The correlation estimation and its partition into cause and effect is seen as a valuable tool in obtaining gains from selection in plant breeding. This allows the anticipation of choosing the best genotypes. Thus, the objective of this study was to consider indirect selection for simultaneous improvement of root and above-ground traits in segregating common bean populations. The experiment was carried out in the 2021/22 season, considering six common bean genotypes, two parents and four segregating generations (F2, F3, F4 and F5), under a lattice design. Root system traits were measured by two phenotyping methods, called Shovelomics and WinRHIZO. The aerial part traits evaluated were chlorophyll content, plant height, stem diameter, first pod height insertion and yield components (number of pods, number of grains and weight of grains per plant).

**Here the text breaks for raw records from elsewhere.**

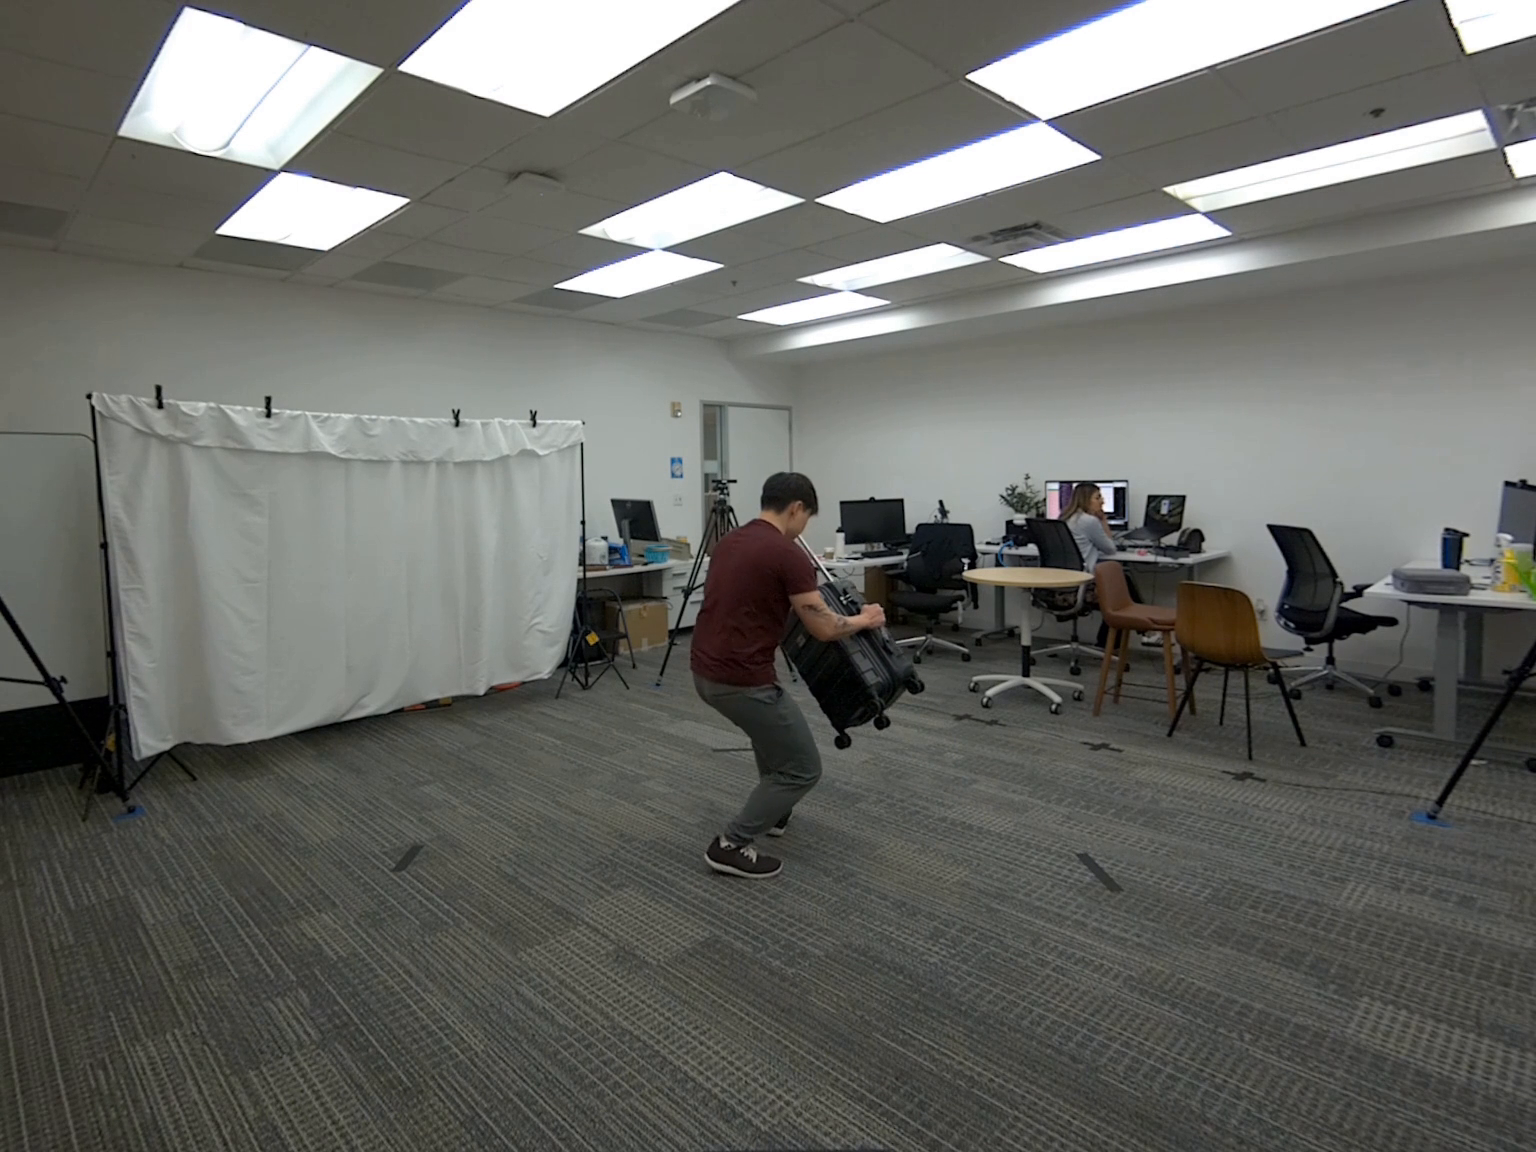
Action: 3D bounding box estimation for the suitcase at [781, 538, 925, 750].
[{"bbox_3d":[0.184,0.149,3.391,0.252,1.008,0.379,-17,-29,-33],"label":"suitcase"}]
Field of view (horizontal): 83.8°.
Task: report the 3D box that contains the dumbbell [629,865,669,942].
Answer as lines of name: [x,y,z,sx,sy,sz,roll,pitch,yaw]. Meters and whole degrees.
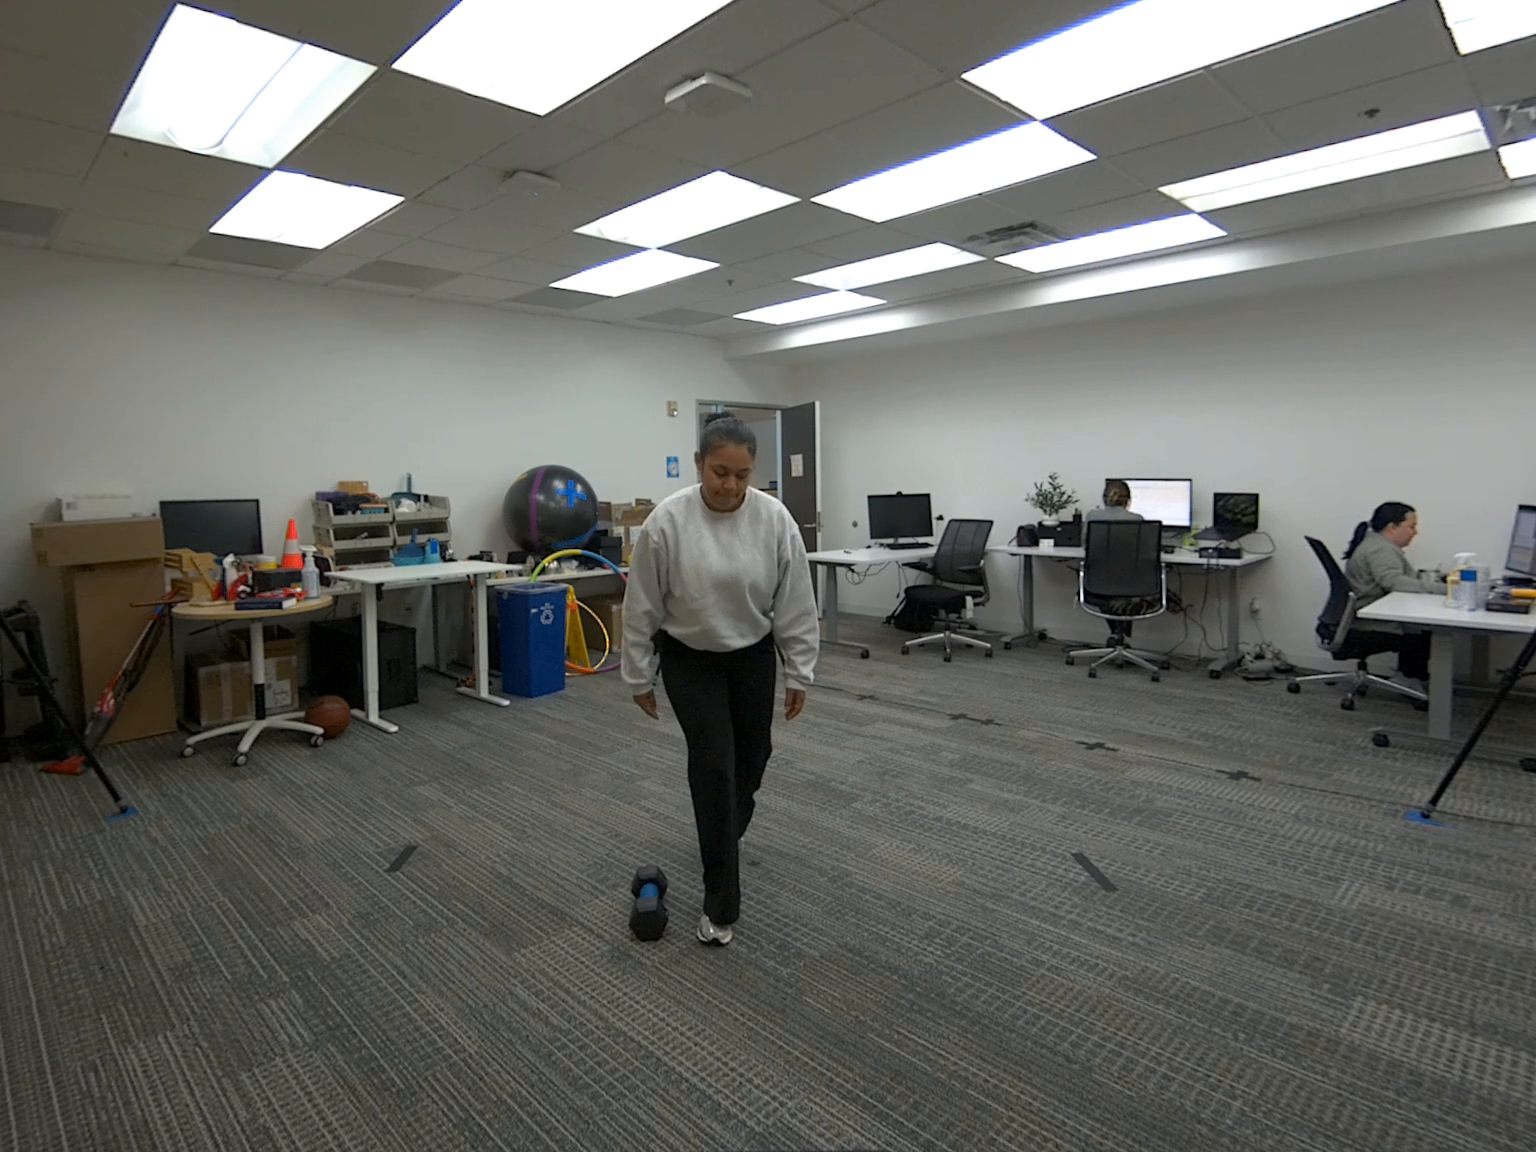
dumbbell: [-0.371,1.043,2.730,0.108,0.123,0.296,28,2,-9]
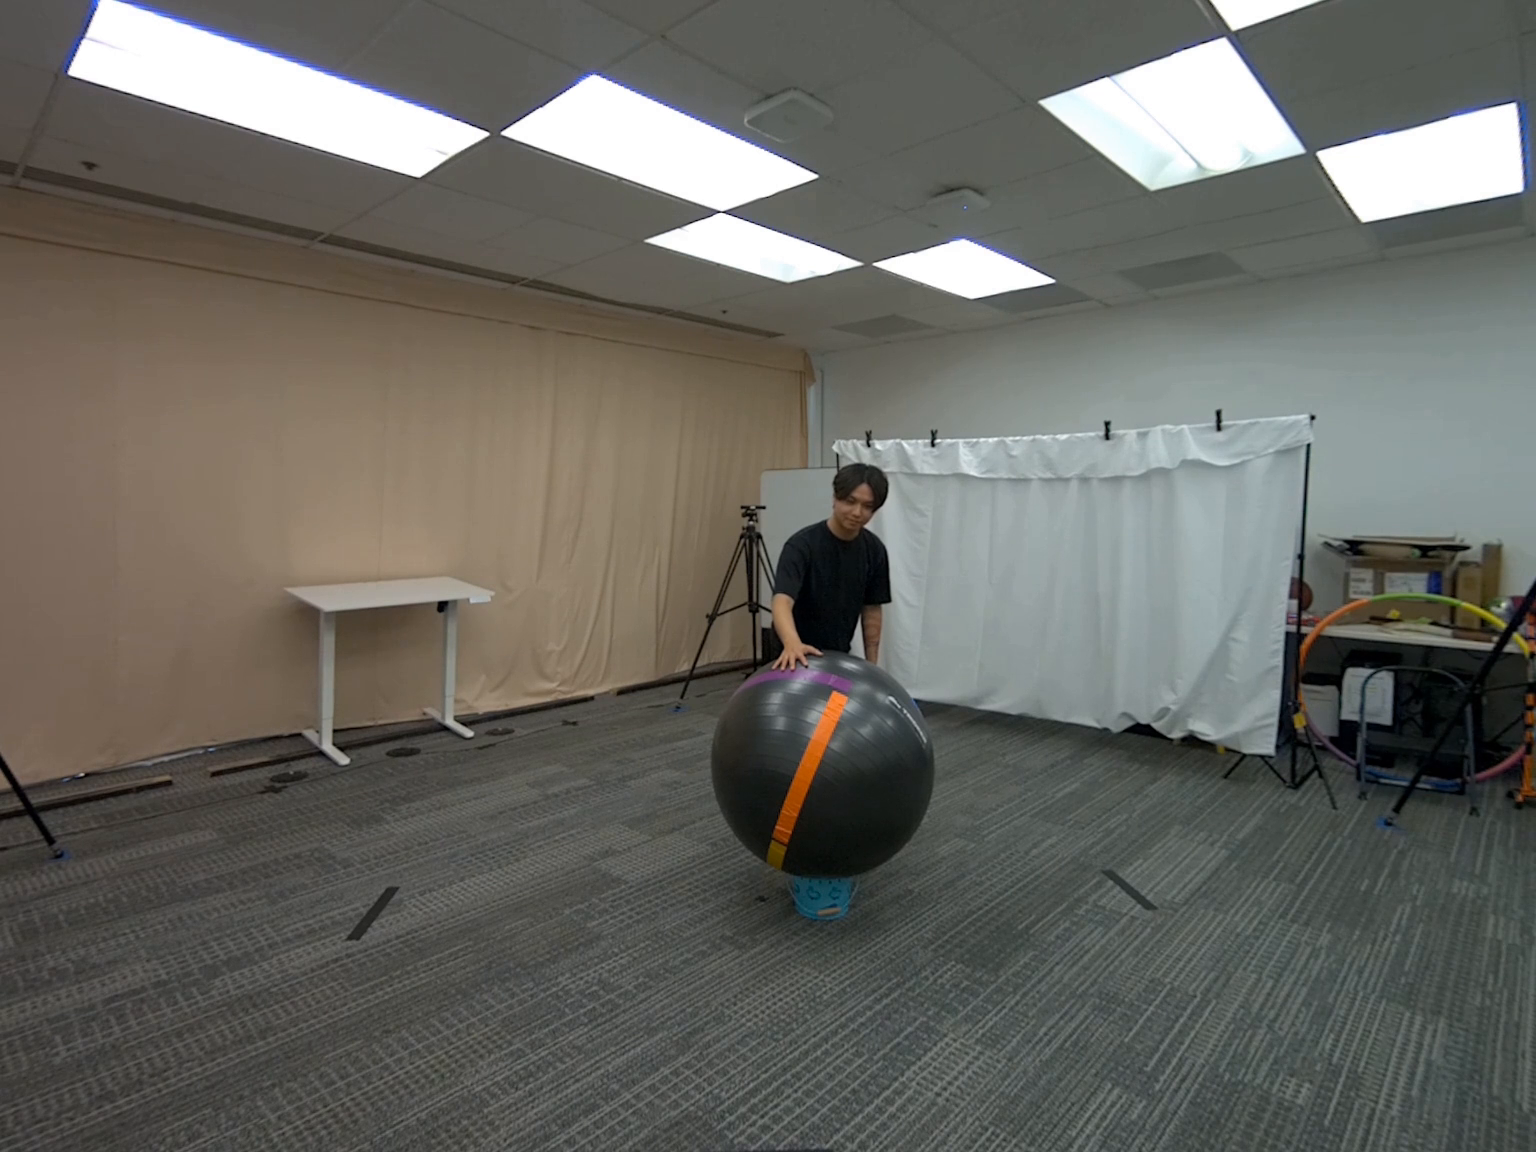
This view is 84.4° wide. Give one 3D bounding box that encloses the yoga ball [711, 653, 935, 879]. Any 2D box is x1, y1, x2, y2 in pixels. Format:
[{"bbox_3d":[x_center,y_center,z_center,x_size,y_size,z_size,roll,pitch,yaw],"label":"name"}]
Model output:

Correlation analysis and cause and effect analysis (path analysis) were performed. Significant correlation estimates (τ) were found between root and aerial traits, with emphasis on chlorophyll B content with left horizontal length (τ = -0.22) and chlorophyll A content with total root length (τ = 0.24). The unfolding of these estimates by path analysis indicated that the chlorophyll A content has a correlation and a high direct effect on the total length of roots and that the total chlorophyll content indirectly influences the left and right horizontal root lengths. This fact makes it possible to obtain gains with the selection of improved common bean plants for root system based on the direct and indirect evaluation of chlorophyll contents, easily measured in the aerial part of the plants. This allows the optimization of time and resources in breeding programs, aiming at obtaining agronomically superior plants.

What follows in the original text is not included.